Since C++20, stateless lambdas (those without captures) are default constructible, which simplifies their use as template parameters. We can declare a std::priority_queue with a lambda directly in the decltype as the third template parameter.

priority_queue<int, vector<int>, decltype([](const int& lhs, const int& rhs) {
    return lhs > rhs;
})> pq;

5 The Applications of Priority Queues

A priority queue is ideal for scenarios where we need to efficiently access the maximum or minimum value from a collection of elements. It ensures that the highest or lowest priority element can be accessed in constant time.

In the context of the problem 1845. Seat Reservation Manager, maintaining a minimum priority queue allows for the efficient retrieval of the smallest available seat number. The top of the queue represents the seat with the smallest number, which is the next seat to be reserved.

class SeatManager {
    priority_queue<int, vector<int>, greater<int>> seats;
public:
    SeatManager(int n) {
        for (int i = 1; i <= n; i++)
            seats.push(i);
    }

    int reserve() {
        int num = seats.top();
        seats.pop();
        return num;
    }

    void unreserve(int seatNumber) {
        seats.push(seatNumber);
    }
};

Heap sort is a sorting technique based on the binary heap data structure. It is similar to selection sort that it repeatedly selects the maximum element and moves the element to the end of the list.

#include <iostream>
#include <queue>
#include <vector>
using namespace std;

int main()
{
    vector<int> v {9, 11, 3, 6, 1};

    make_heap(v.begin(), v.end());
    for (int i = 0; i < v.size(); i++)
        pop_heap(v.begin(), v.end() - i);

    for (int i: v)
        cout << i << " ";
    cout << "\n";
}

Output:

1 3 6 9 11

By performing the action of moving the maximum element to the end of the vector and then heapifying the remaining elements, we can find the kth largest element in the array. This is also one of the typical usages of heap / priority queue.

#include <iostream>
#include <queue>
using namespace std;

int main()
{
    int k = 3;
    vector<int> v {9, 11, 3, 6, 1};

    priority_queue<int> pq(v.begin(), v.end());
    while (--k)
        pq.pop();
    cout << "The 3rd maximum element = " << pq.top() << "\n";
}

Output:

The 3rd maximum element = 6

Take 973. K Closest Points to Origin as an example, using a minimum priority queue, we can store all the given points, and the results will be the first k points at the top. Alternatively, we can use a maximum priority queue and keep its size at most k.
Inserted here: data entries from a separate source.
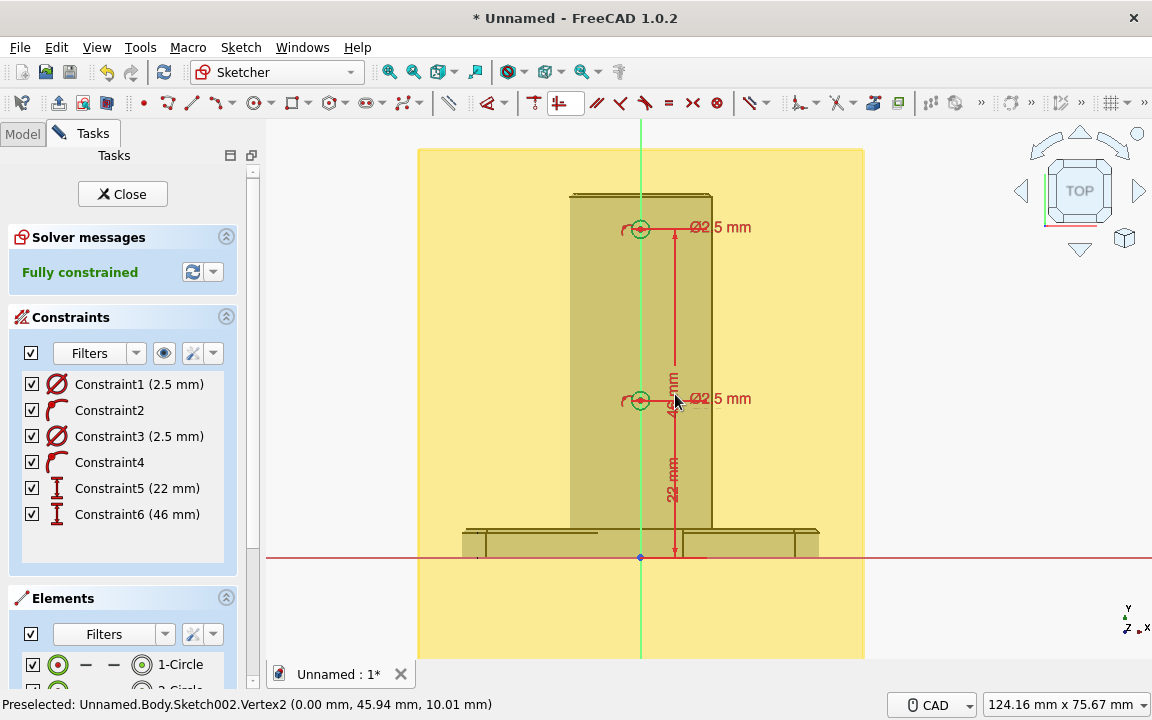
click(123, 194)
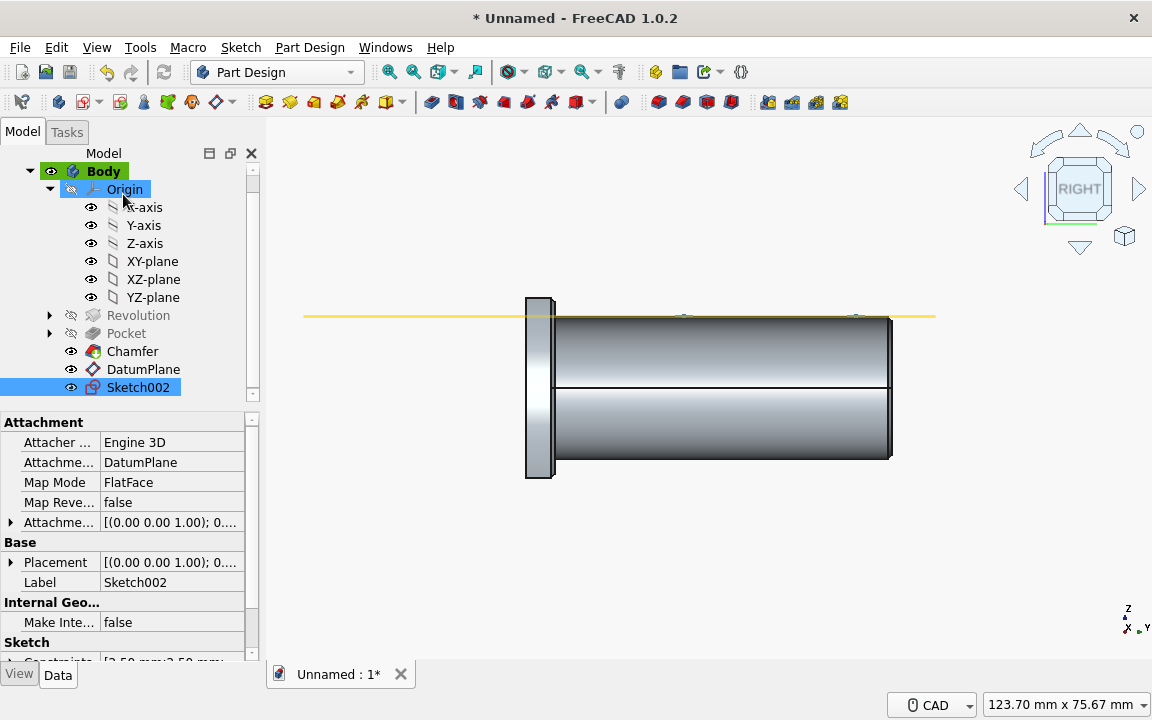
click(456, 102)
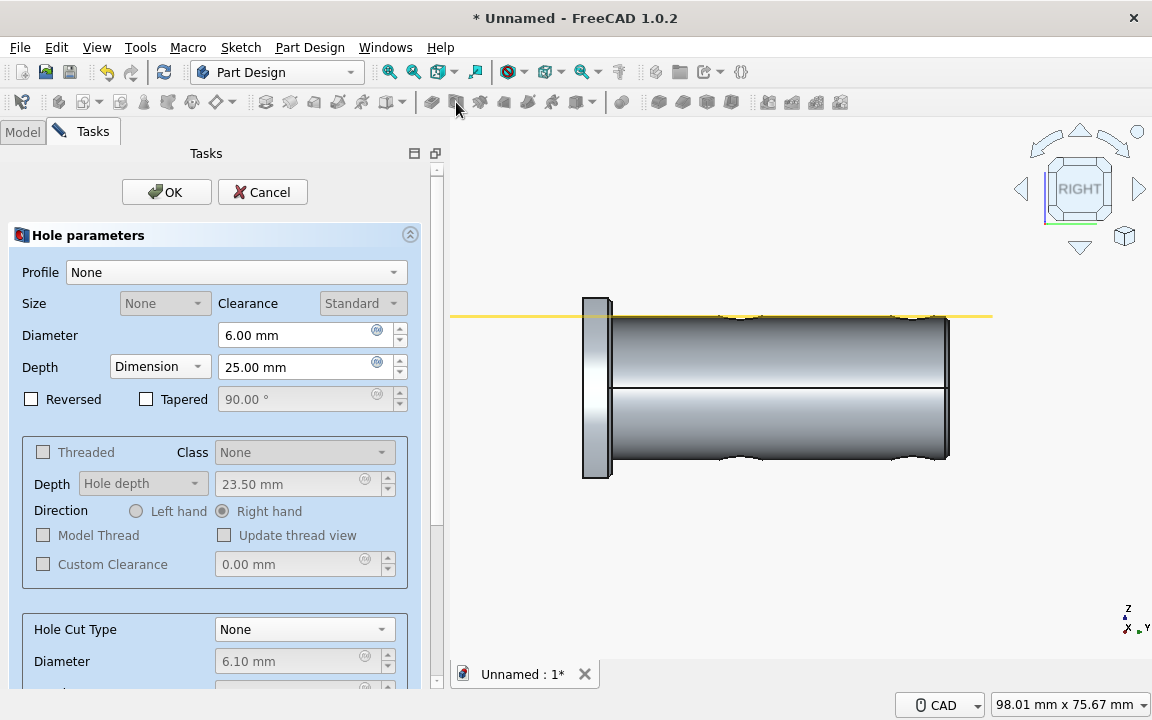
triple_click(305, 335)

Each time we push a point, if the size of the queue becomes larger than k, we pop the top element, which is the (k+1)th largest element. Eventually, the points remaining in the queue are the results.
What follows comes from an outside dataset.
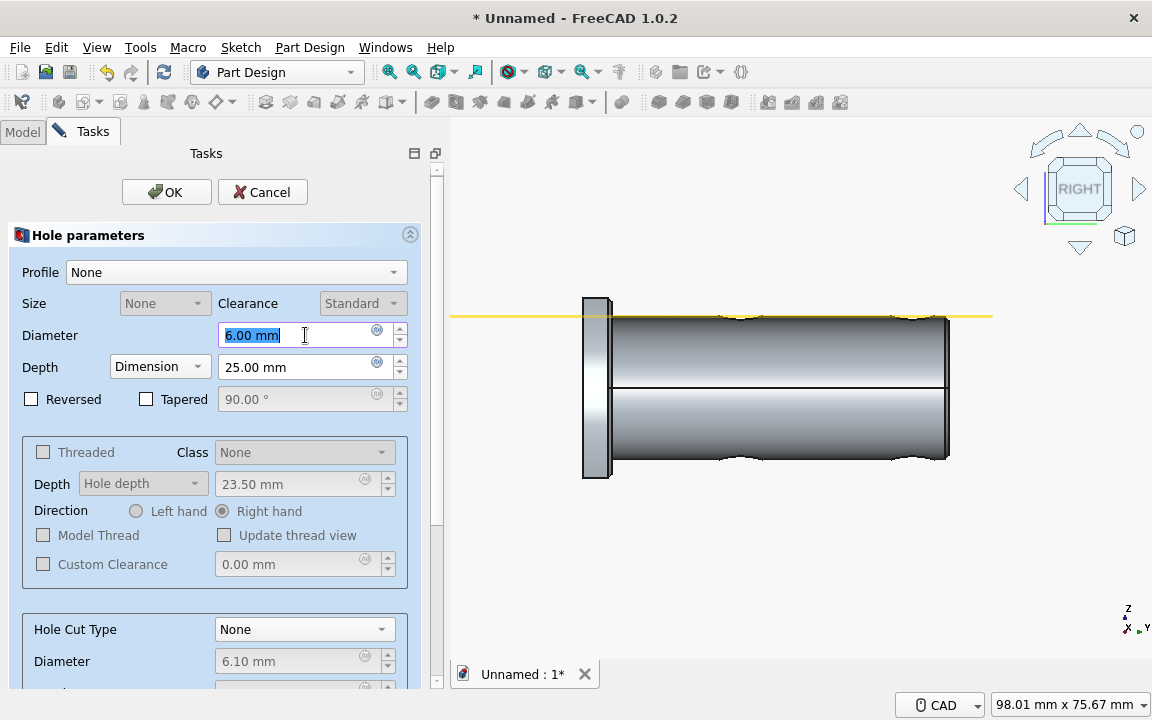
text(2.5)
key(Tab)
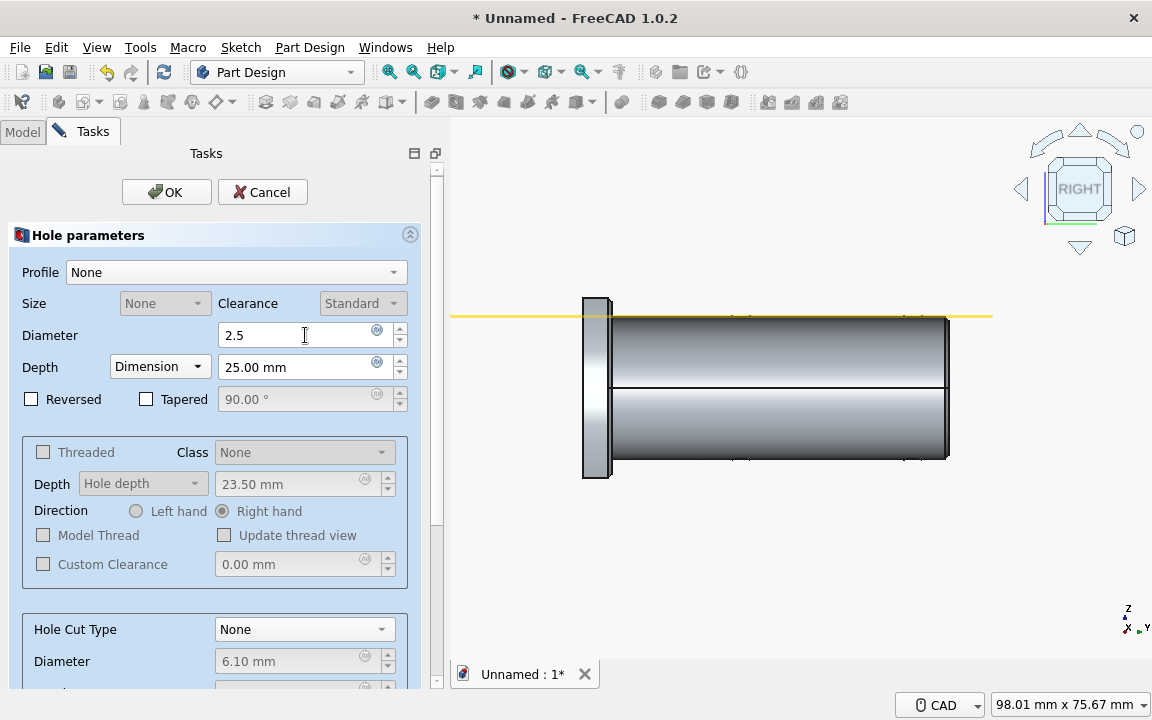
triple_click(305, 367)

vector<vector<int>> kClosest(vector<vector<int>>& points, int k) {
    priority_queue<vector<int>> pq;
    for (auto& p: points) {
        pq.push({p[0] * p[0] + p[1] * p[1], p[0], p[1]});
        if (pq.size() > k)
            pq.pop();
    }

    vector<vector<int>> res;
    while (!pq.empty()) {
        vector<int> el = pq.top();
        res.push_back({el[1], el[2]});
        pq.pop();
    }
    return res;
}

The problem 1985. Find the Kth Largest Integer in the Array is another example. We can use either a maximum priority queue to find and pop the first k largest elements, or like the following, use a minimum priority queue with a size not larger than k, so that to keep only the kth largest elements, and the result will be at the top. In order to compare integer strings correctly, we need to prepend an integer indicating their length to the strings, creating a pair to serve as an element in the queue.

string kthLargestNumber(vector<string>& nums, int k) {
    priority_queue<pair<int, string>, vector<pair<int, string>>, greater<pair<int, string>>> pq;
    for (auto& n : nums) {
        pq.push({n.size(), n});
        if (pq.size() > k)
            pq.pop();
    }
    return pq.top().second;
}

Similarly for the problem 703. Kth Largest Element in a Stream, we may simply maintain a minimum priority queue with size not larger than k. Each time we add a value, we can remove the (k+1)th largest value if the queue exceeds size k, ensuring the top of the queue is the kth largest value.

class KthLargest {
    int capacity;
    priority_queue<int, vector<int>, greater<int>> pq;
public:
    KthLargest(int k, vector<int>& nums) {
        capacity = k;
        for (int i : nums) {
            pq.push(i);
            if (pq.size() > capacity)
                pq.pop();
        }
    }

    int add(int val) {
        pq.push(val);
        if (pq.size() > capacity)
            pq.pop();
        return pq.top();
    }
};

Sometimes it is necessary to fetch the top of the priority queue multiple times, for example 1046. Last Stone Weight, we create a maximum priority queue for the stones, then pop the heaviest two to be smashed and push back the remaining if there is any. Continue until only one stone remains or the queue is empty.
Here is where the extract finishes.